Sometimes focusing on yourself is the most selfless thing you can do. And it took me so many years to realize that. I'm just amazed.
When you're always "thinking of the other person" and never allowing them to think of you, that's selfish. That's never allowing them the chance to do something nice for you. Never allowing them to really know you, because you're always hiding to please them.
Some people may like that better. I don't. I want people to relax around me. I want them to let me get them a glass of water without fuss. And I want them to do the same for me.

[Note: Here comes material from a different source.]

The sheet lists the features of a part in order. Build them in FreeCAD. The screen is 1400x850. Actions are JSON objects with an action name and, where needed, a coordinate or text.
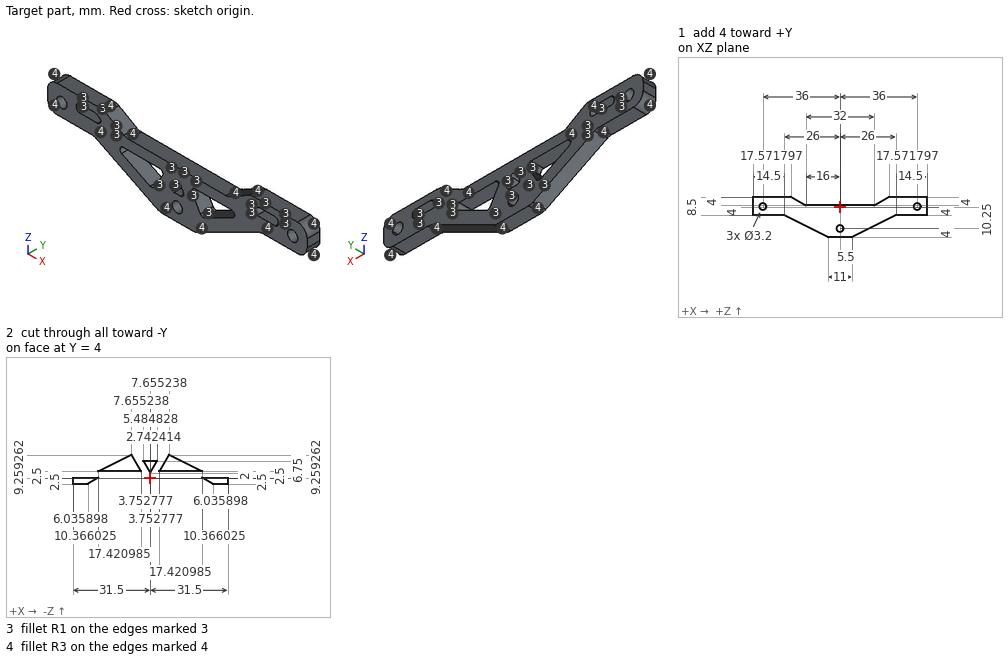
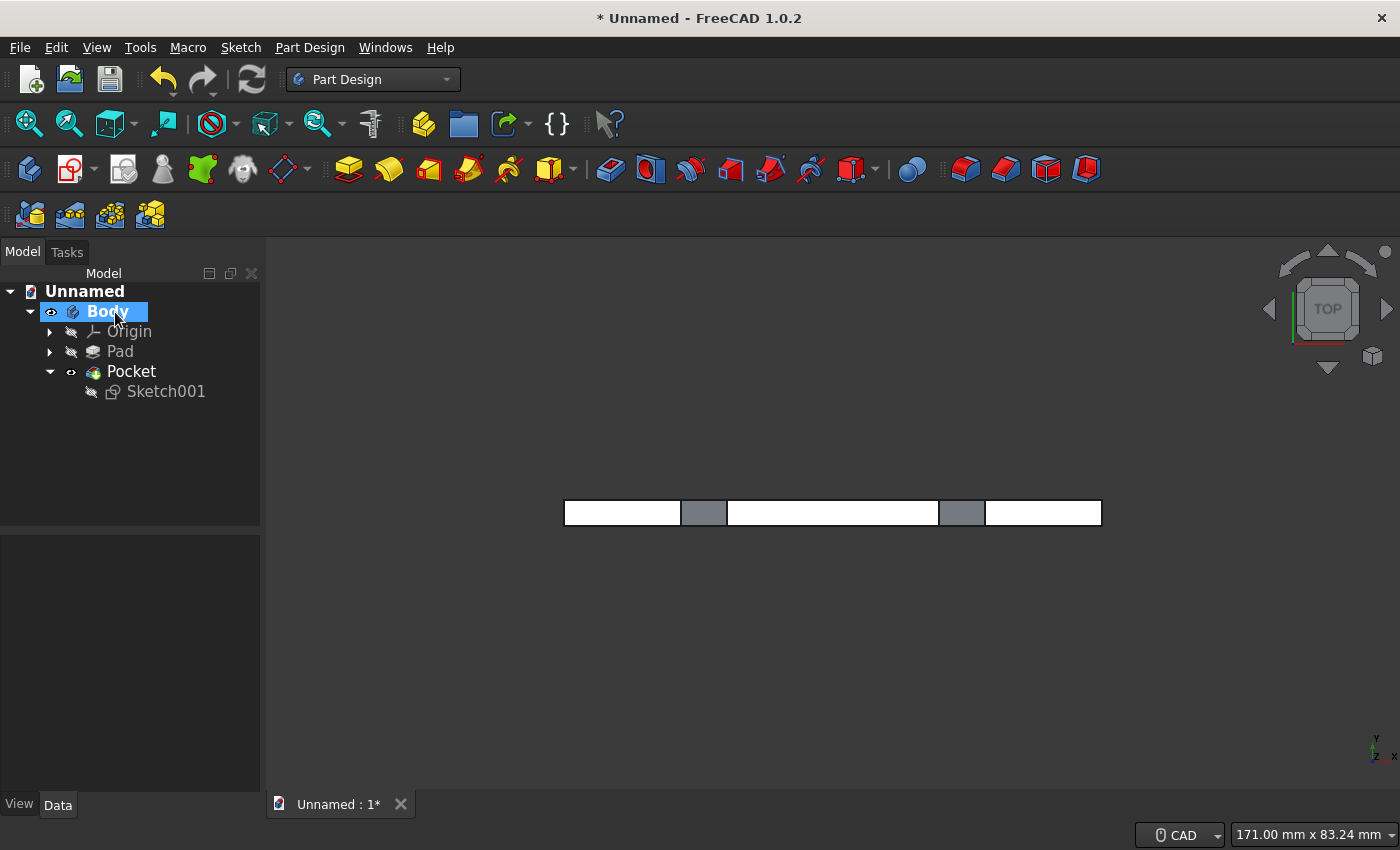
{"action": "key", "text": "1"}

I just hate that manipulative "I'm your slave" attitude. Example:
"Are you cold? You want to go in?"
"No, I'm fine."
While their body language screams they're lying to be "selfless" for you.
LET ME LOVE YOU PEOPLE!
Does anyone else ever feel this way?
These are really small examples. This can be taken so much farther into all sorts of twisted paths. C. S. Lewis describes as a woman that waits up all night for the adult son, and says "I have to, but I don't mind, for you." It's "love" that makes him feel guilty. It's so selfish of her to wait up for him because it makes him feel guilty, not happy. And she would say she was being selfless.
“She's the sort of woman who lives for others - you can tell the others by their hunted expression.” - C. S. Lewis
“The belief that unhappiness is selfless and happiness is selfish is misguided. It's more selfless to act happy. It takes energy, generosity, and discipline to be unfailingly lighthearted, yet everyone takes the happy person for granted. No one is careful of his feelings or tries to keep his spirits high. He seems self-sufficient; he becomes a cushion for others. And because happiness seems unforced, that person usually gets no credit.”
― Gretchen Rubin
I think this false selfishness is often pride. "I can tough it out because I'm so selfless. Kudos to me." Something like that.

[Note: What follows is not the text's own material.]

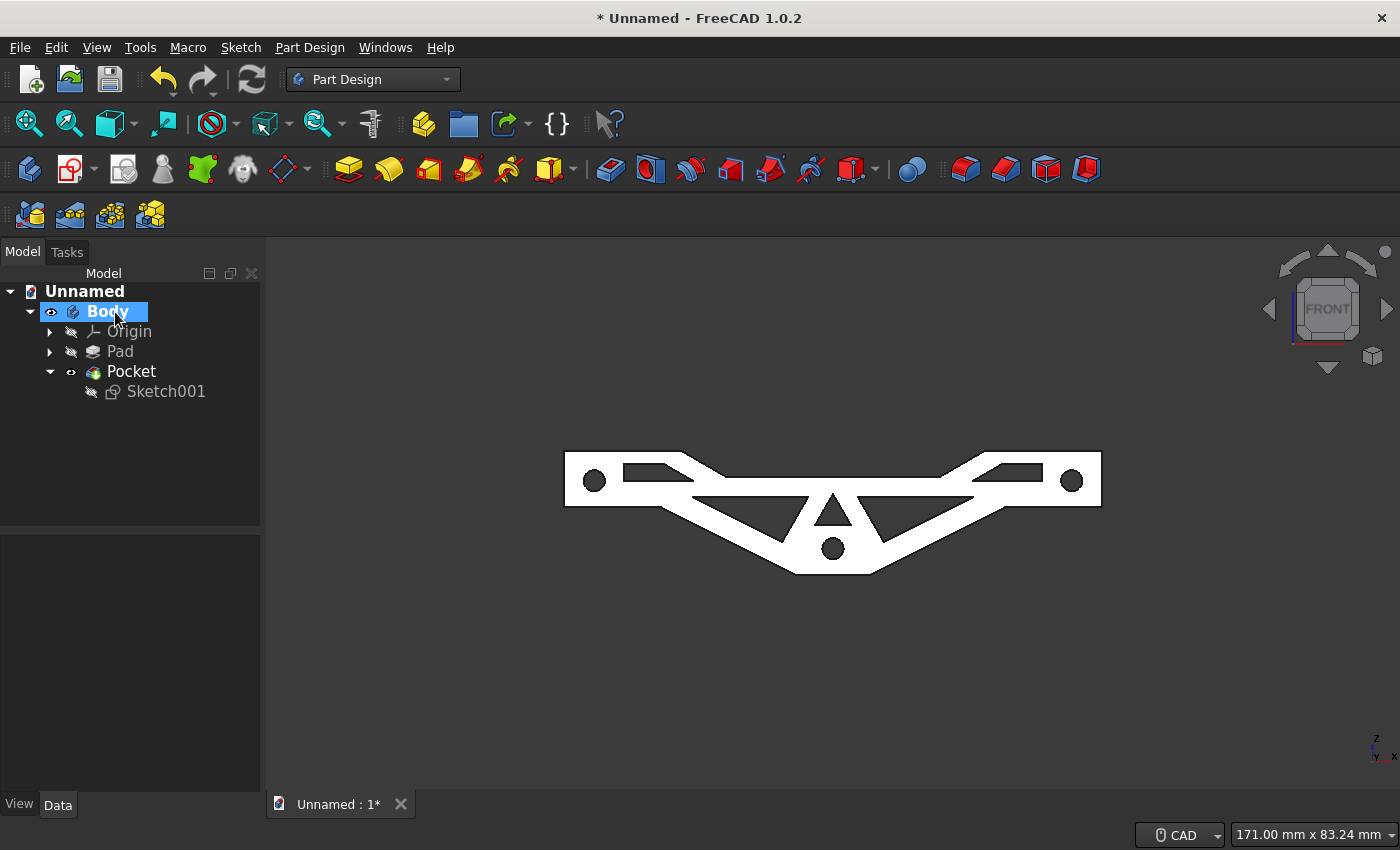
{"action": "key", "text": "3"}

I've done it before. And I never want to do it again.
I think this goes hand in hand with believing that our desires are naturally bad.
"Our Lord finds our desires not too strong, but too weak. We are half-hearted creatures, fooling about with drink, sex, and ambition, when infinite joy is offered us, like an ignorant child who wants to go on making mud pies in a slum because he cannot imagine what is meant by the offer of a holiday at the sea. We are far too easily pleased." - C. S. Lewis
I believe it wholeheartedly and I want to look honestly at my desires and run in the path they create for me.

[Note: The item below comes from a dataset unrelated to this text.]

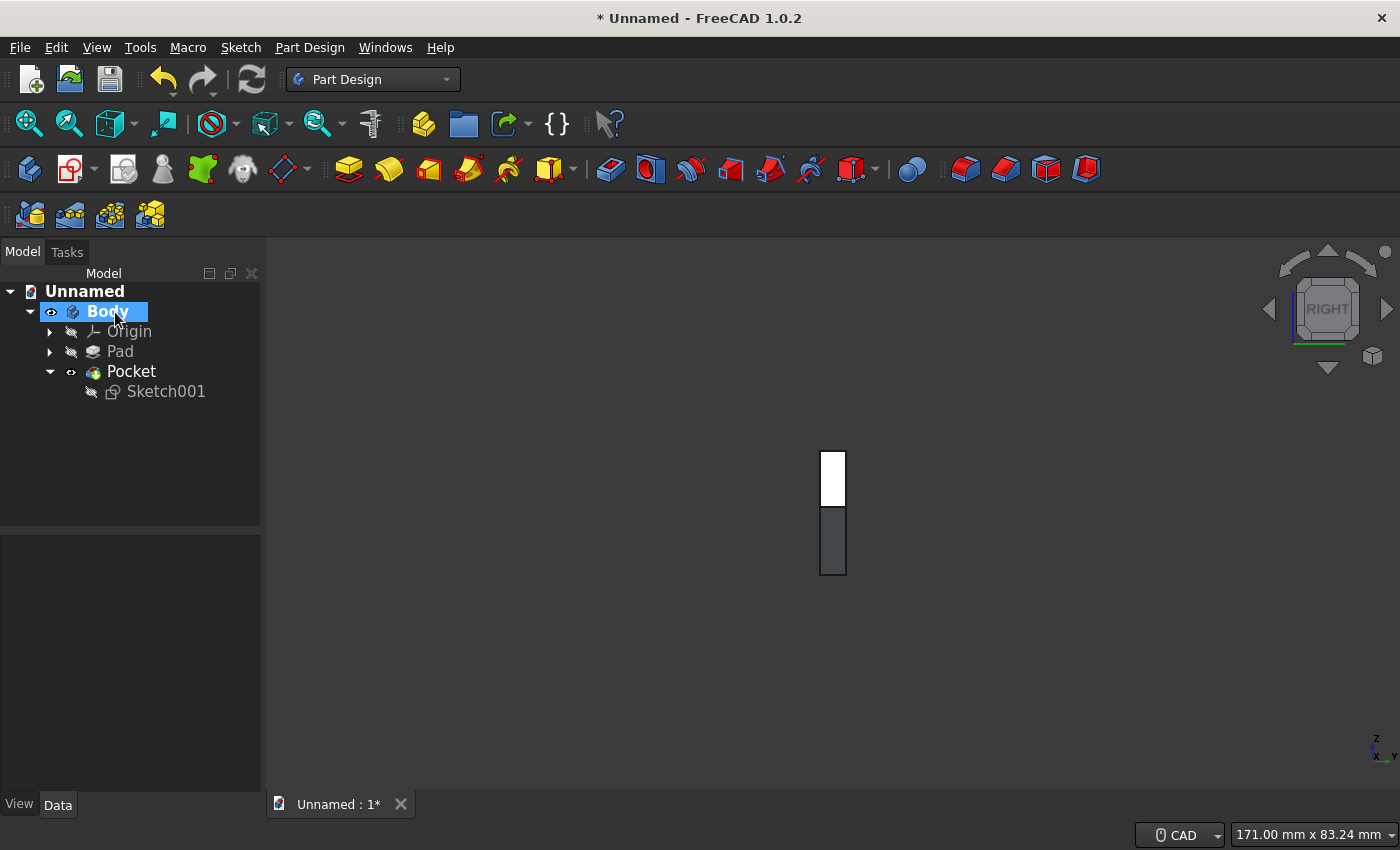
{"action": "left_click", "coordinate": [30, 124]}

Most desires lead us back to God, you know.
If I desire something I shouldn't... say, comfort food... that's not my real, real desire. My true desire is for comfort, because something went wrong or I feel lonely or I feel afraid. I need to be comforted. God is the only lasting source of comfort, so my true desire is for God himself. My body is just craving food as an easier (and often less convicting) source of immediate comfort.
Food is false comfort.
Et cetra.
Another one... I might desire to know what I'm doing next after... let's say High School for this illustration. Part of that could be the realistic need to know what's happening next. Part of it might be a want, a want for security. If I'm nervous about the future, I'm desiring security. God is the only thing that's absolutely secure. So I'm desiring God himself, I'm just craving the instant satisfaction of "knowing" what will happen, (despite the fact that we never really know what will happen).
'Knowing' the future is false security.
I might desire to have a good reputation, to have people think well of me. This is something God called out in me this summer. The reputation is not the problem. It's the craving for it.
What are we really craving?
Our desire for good reputations precedes {from a desire to be thought well of, which proceeds} from a desire to be loved. Only God can love you perfectly.
A good reputation is false love.
You think everyone loves you because everyone thinks you're perfect.
Living honestly is never going to be living perfectly. And very few people are going to mistake your openly-lived life for perfection.
But. that's. o. k.
We need to live openly, letting others know our needs, doubts, successes, fears, and joys.
But it gets in the way of my loving you.
I don't know how to love around this. When I encounter it in someone, I get a hopeless feeling in the pit of my stomach.
How do you love someone who won't be loved??
Keep chipping at the wall of ice, I guess.